The TL continued to perform actively in public concerts and on CBC Radio programs like The Play of the Week, Light Up and Listen. and Serenade for Strings up until the mid-1960s when it disbanded. The group re-united briefly in the autumn of 1971 for CBC broadcasts honoring Daunais and his work. In 1984, the album Le Trio lyrique chante Lionel Daunais was released; containing music from the ensemble's many radio broadcasts. All of the arrangements performed during the TL's performance history were by McIver.

==Composer, arranger, and conductor==
During the 1930s, McIVer began composing background music for many of the Canadian Broadcasting Corporation's radio dramas. During World War II he wrote and conducted music for the shows sponsored by the Canada Savings Bond and other radio broadcasts in Montreal. He also served as a conductor for entertainments given at army bases throughout Canada by Jack Benny.

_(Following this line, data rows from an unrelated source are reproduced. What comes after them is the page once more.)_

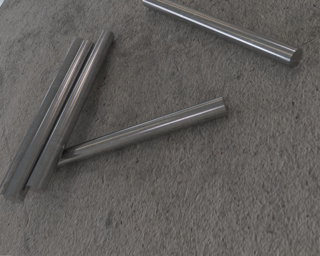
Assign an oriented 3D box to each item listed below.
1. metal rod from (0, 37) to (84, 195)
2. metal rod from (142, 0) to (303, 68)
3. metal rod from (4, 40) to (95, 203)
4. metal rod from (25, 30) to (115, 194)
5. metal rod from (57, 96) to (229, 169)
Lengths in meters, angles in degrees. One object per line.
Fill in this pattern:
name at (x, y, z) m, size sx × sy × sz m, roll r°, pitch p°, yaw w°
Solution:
metal rod at (-0.191, -0.030, 0.523) m, size 0.025 × 0.025 × 0.300 m, roll 3°, pitch 63°, yaw 30°
metal rod at (0.070, -0.156, 0.462) m, size 0.025 × 0.025 × 0.300 m, roll -47°, pitch 51°, yaw -5°
metal rod at (-0.161, -0.029, 0.484) m, size 0.025 × 0.025 × 0.300 m, roll -4°, pitch 53°, yaw 26°
metal rod at (-0.127, -0.044, 0.476) m, size 0.025 × 0.025 × 0.300 m, roll -3°, pitch 54°, yaw 27°
metal rod at (-0.057, 0.016, 0.423) m, size 0.301 × 0.025 × 0.025 m, roll -18°, pitch 55°, yaw 17°
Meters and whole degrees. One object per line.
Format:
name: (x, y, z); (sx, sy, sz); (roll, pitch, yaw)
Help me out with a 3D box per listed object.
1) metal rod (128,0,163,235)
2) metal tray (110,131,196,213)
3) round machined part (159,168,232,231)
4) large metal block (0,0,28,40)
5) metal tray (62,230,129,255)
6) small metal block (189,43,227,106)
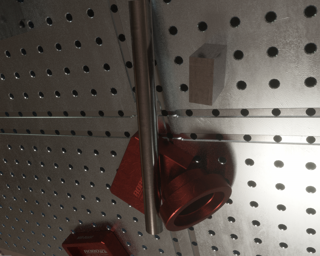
metal rod: (-0.015, 0.002, 0.386); (0.025, 0.025, 0.298); (6, 111, 24)
metal tray: (-0.015, 0.071, 0.459); (0.090, 0.030, 0.129); (31, 128, 7)
round machined part: (0.042, 0.091, 0.410); (0.042, 0.099, 0.097); (57, 138, 34)
large metal block: (-0.237, -0.166, 0.415); (0.080, 0.050, 0.079); (10, 123, 22)
metal tray: (-0.129, 0.256, 0.631); (0.130, 0.030, 0.090); (-17, 110, 34)
small metal block: (0.052, -0.058, 0.331); (0.025, 0.050, 0.050); (11, 123, 22)
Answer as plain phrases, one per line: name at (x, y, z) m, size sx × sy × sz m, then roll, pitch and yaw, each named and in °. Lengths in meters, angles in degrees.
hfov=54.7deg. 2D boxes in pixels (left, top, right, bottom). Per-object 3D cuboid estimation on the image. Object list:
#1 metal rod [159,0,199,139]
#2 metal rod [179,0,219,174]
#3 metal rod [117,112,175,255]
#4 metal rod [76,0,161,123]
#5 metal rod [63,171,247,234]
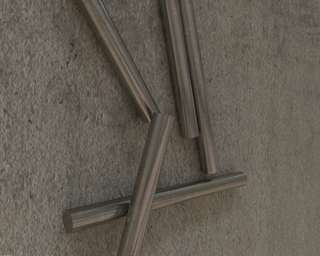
metal rod at (0.018, -0.133, 0.419) m, size 0.025 × 0.025 × 0.298 m, roll -17°, pitch 101°, yaw -39°
metal rod at (0.050, -0.079, 0.446) m, size 0.025 × 0.025 × 0.298 m, roll -17°, pitch 101°, yaw -39°
metal rod at (-0.032, 0.130, 0.350) m, size 0.025 × 0.025 × 0.298 m, roll 15°, pitch 89°, yaw -39°
metal rod at (-0.075, -0.136, 0.340) m, size 0.025 × 0.025 × 0.299 m, roll -42°, pitch 116°, yaw -32°
metal rod at (0.019, 0.091, 0.420) m, size 0.302 × 0.025 × 0.025 m, roll -3°, pitch 92°, yaw -40°
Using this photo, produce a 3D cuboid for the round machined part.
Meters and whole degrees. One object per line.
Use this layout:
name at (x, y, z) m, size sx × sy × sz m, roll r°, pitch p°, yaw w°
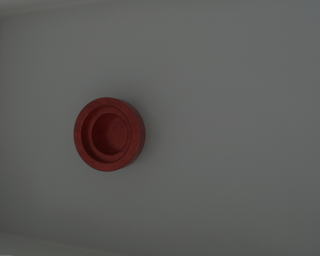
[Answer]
round machined part at (-0.065, 0.008, 0.425) m, size 0.098 × 0.042 × 0.097 m, roll 0°, pitch 90°, yaw 20°
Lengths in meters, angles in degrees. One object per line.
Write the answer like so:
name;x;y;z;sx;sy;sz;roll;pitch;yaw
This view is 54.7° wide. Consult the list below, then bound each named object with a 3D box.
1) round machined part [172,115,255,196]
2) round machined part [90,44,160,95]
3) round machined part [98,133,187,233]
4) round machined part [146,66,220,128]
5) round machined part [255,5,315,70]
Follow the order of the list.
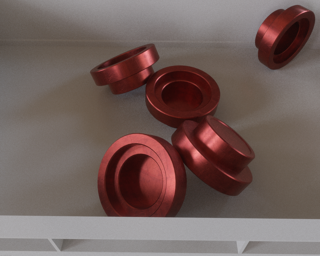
round machined part;0.064;0.023;0.340;0.098;0.042;0.098;33;21;-14
round machined part;-0.045;-0.081;0.442;0.098;0.042;0.098;-20;21;9
round machined part;-0.015;0.056;0.325;0.098;0.042;0.097;-5;80;32
round machined part;0.029;-0.037;0.423;0.099;0.042;0.098;2;52;-2
round machined part;0.187;-0.143;0.479;0.099;0.097;0.042;-29;56;-22

During the 1950s and 1960s, McIVer worked actively as a music director of variety programs for both CBC Television and CBC Radio. He notably directed the music for the 5 September 1952 opening telecast of CBC (Montreal) TV. Among the programs he directed were Silhouettes, Paillettes, Northern Electric Concert, Le Trio lyrique, and Sunday Night Shows. He also composed the film score for the feature picture Le Rossignol et les cloches and wrote a number of orchestral works.

Having never retired, McIver died in Montreal in 1969 at the age of 65.